Samantha Newark (born 27 June 1967) is an English-born American musician, singer and actress. She is best known for her voice-over work as the speaking voice of Jem and Jerrica in the animated cartoon series Jem. As a teenager, Newark became a voice-over talent in mainstream television. Her work on "Jem" produced a serious cult following that persists to this day. She lent her voice to many radio and TV projects while writing and performing her original music as a solo recording artist in Los Angeles CA, Nashville TN and Dallas, Texas. In 2015 Newark appeared in the live action feature film adaptation on Jem and the Holograms directed by Jon Chu.

Early years
Samantha Newark was born in Wimbledon, London. Although she was born in England, her family then moved to Africa and later to the US. She attended several different schools and began her music career in Africa after seeing Lena Zavaroni perform. She continued working as an actress and singer and came to prominence when she landed the role of Jem in 1985.

Acting career
Newark is best known for her voice-over work on the animated 1980s cartoon series Jem as the speaking voice of Jerrica/Jem (Britta Phillips was the singing voice). "Jem" remains her most well known role and Newark receives invitations to meet the Jem fans at Pop Culture conventions all over the world. Newark made a cameo appearance in the Jem and the Holograms live action film adaptation.
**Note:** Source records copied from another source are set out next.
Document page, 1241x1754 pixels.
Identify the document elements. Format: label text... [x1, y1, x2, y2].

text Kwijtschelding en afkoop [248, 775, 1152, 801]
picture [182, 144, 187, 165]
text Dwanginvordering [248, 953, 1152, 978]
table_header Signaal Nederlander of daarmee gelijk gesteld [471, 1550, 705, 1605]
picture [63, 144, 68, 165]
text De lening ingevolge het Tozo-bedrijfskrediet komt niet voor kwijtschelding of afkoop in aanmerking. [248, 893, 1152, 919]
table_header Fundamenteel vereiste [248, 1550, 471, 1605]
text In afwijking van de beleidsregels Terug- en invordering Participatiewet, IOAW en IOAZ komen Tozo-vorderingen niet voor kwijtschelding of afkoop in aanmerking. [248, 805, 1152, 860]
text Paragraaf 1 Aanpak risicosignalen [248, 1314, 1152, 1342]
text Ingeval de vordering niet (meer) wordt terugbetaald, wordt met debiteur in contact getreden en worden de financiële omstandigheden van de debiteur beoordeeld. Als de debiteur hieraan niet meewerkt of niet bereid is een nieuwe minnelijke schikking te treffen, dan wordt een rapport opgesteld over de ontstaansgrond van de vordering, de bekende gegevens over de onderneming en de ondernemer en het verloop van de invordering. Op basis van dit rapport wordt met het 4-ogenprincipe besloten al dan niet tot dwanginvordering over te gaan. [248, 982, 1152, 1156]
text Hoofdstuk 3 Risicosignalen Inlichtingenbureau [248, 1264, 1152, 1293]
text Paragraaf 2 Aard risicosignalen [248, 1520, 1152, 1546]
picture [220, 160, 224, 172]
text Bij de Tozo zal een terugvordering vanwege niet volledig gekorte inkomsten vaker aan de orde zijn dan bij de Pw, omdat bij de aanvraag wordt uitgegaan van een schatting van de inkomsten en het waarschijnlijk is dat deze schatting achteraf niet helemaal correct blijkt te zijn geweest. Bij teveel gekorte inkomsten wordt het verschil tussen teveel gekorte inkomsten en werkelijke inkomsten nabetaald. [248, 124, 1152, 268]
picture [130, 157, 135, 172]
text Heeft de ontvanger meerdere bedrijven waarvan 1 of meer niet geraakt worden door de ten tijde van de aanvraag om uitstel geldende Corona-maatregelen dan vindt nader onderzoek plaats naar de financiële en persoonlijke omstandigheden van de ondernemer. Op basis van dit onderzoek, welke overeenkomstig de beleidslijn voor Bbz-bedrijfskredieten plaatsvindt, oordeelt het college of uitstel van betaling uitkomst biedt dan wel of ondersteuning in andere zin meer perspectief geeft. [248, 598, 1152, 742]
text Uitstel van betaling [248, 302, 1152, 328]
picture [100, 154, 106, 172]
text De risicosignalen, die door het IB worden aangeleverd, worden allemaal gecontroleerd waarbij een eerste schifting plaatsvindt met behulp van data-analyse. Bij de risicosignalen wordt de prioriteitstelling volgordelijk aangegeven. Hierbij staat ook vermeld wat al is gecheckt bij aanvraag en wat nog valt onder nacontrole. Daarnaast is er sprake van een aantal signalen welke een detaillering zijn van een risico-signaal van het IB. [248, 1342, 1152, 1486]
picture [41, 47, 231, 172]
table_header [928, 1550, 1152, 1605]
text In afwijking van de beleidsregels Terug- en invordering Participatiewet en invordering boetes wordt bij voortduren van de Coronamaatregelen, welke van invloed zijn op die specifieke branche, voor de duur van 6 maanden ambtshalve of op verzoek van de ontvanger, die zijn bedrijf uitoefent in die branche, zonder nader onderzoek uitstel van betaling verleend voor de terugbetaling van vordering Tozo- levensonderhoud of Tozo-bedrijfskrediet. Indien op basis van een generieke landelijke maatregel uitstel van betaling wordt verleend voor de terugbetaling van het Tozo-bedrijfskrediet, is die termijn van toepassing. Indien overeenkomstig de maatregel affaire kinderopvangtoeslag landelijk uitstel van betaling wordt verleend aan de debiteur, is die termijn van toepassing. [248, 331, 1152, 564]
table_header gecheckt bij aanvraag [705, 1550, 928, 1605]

Newark was nominated for a "Young Artist award" twice for "Exceptional young actress in animation, series, specials, or film features" also nominated for her performance in "Best animated series". Other voice-over credits include guest-starring on the original Transformers cartoon as "Ariel" in the classic Transformers episode "War Dawn" and in other episodes playing Elise Presser. Newark was also cast as the voice of a young Peter Pan's mother in Steven Spielberg feature film  Hook as well as doing countless on camera and voice-over TV and radio commercials. She also played the role of Debbie in the 1987 thriller film Summer Camp Nightmare. In 2012 she was invited to contribute two characters to the Festival favorite animated short Pound Dogs, created by Mike Salva. This project won the MTV "Voice and Vision animation award for writing and animation and garnered two development deals with MTV.
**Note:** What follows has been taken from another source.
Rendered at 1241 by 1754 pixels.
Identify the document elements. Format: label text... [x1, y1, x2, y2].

Newark also works in video games, providing voices for games including Twisted Metal: Black and Britney's Dance Beat, where she played the roles of the Choreographer and the Asian dancer.

Music career
Newark began her professional music career at the age of seven. Signed to Nitty Gritty records she recorded her first record while living in Africa and then toured to support her single "Jimmy Jimbo" produced by Allan Goldswain and Mike Adams. At age 10 she and her family immigrated to America and Samantha was promptly signed to International Creative Management where she was thrust onto the State fair circuit opening for Eddie Rabbitt, Pat Boone, Debby Boone and Mac Davis. She was cast in the title role in the United States Navy band production of the musical Annie in Washington DC. and eventually moved with her family to Burbank California where she played Rosie in a production of Sweet Charity and Dorothy in a Los Angeles production of The Wizard of Oz She was a frequent performer of The L.A. Kids cabaret and performed often with the Ray Anthony orchestra at the famous Shrine Auditorium and on many telethons. She also was a featured guest vocalist at age 14 with the 65 piece Los Angeles Pops orchestra. She won the Los Angeles vocal competition at the age of 17 and then through the late 1990s started to write and record her own original music with many different incarnations of original bands.
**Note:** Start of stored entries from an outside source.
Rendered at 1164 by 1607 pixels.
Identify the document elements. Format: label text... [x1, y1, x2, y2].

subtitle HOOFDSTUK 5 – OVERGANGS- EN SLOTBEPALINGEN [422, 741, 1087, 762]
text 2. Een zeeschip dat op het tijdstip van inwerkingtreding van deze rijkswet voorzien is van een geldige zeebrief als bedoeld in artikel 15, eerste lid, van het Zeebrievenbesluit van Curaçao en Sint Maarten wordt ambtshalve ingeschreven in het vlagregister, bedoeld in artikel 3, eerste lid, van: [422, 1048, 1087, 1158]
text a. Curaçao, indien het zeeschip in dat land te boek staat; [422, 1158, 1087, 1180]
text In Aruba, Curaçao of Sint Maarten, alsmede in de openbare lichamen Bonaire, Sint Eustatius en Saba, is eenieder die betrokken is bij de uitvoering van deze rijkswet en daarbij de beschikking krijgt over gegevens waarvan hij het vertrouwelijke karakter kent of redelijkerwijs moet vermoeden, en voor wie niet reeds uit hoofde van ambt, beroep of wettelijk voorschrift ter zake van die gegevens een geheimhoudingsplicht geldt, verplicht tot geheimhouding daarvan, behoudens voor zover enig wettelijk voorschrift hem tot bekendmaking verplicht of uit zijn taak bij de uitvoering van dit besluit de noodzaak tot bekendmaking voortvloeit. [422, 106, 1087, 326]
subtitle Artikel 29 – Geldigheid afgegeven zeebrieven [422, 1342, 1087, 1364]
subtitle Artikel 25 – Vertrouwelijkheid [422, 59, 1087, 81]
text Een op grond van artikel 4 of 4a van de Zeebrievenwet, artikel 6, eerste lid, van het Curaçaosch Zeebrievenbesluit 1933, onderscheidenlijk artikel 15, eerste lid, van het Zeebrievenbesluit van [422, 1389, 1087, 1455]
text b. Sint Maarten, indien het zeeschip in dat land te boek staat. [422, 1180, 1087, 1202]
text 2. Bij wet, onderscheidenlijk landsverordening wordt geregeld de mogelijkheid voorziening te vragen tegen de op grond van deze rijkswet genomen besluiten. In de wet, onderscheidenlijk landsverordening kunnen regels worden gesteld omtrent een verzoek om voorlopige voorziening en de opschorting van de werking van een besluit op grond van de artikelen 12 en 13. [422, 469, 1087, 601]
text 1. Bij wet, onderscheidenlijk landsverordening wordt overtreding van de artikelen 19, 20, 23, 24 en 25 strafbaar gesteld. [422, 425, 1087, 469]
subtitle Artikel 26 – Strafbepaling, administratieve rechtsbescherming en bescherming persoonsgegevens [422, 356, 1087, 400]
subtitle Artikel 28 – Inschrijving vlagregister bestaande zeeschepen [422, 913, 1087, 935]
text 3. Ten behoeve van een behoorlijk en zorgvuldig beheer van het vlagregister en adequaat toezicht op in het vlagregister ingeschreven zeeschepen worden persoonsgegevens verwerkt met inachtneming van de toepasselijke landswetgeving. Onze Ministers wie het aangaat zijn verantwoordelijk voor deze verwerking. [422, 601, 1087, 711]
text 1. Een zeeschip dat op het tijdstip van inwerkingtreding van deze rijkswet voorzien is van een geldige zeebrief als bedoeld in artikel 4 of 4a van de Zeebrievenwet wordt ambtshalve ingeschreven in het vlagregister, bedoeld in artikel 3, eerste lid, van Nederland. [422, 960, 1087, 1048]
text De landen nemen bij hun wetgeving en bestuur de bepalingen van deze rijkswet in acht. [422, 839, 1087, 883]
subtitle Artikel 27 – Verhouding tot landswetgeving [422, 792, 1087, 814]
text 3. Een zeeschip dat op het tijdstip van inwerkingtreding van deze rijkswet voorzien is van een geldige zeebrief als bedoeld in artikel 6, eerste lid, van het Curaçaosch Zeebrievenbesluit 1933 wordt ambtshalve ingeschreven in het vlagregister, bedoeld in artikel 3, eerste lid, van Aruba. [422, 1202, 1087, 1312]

Newark sang the theme song for the anime classic film Project A-ko and worked with Richie Zito and Joey Carbone and was hired to sing multiple songs on the soundtrack for the movie Crazy Six starring Rob Lowe, Burt Reynolds, Mario Van Peebles.

She was one of the 20 finalists out of 10,000 submissions for the Lilith Fair talent contest sponsored by Star 98.7 radio and Universal contests in 1999.  And was one of 15 budding songwriters accepted into the coveted Lester Sill Ascap songwriting workshop where she met writer producer and long time collaborator composer Mike Reagan She and Mike worked together through the late 1990s writing original music performing live and contributing vocals for various PlayStation games. She sang vocals on the movie soundtrack Some Girl starring Juliette Lewis and also sang vocals in the movie Material Girls.

While living in Los Angeles she worked as a session singer for writer, producer Michele Vice Maslin. She has worked in the EDM world co-writing a song called "Deeper" for the German group Fragma. The version with her vocals was remixed by EDM producer Nick Terranova. In late 2006 she auditioned for Julian Coryell to be a backup singer for Leonard Cohen. The project was set to do a world tour and after two months of rehearsals the tour was cancelled and put on hold for two years where it started up again with a new MD and new team.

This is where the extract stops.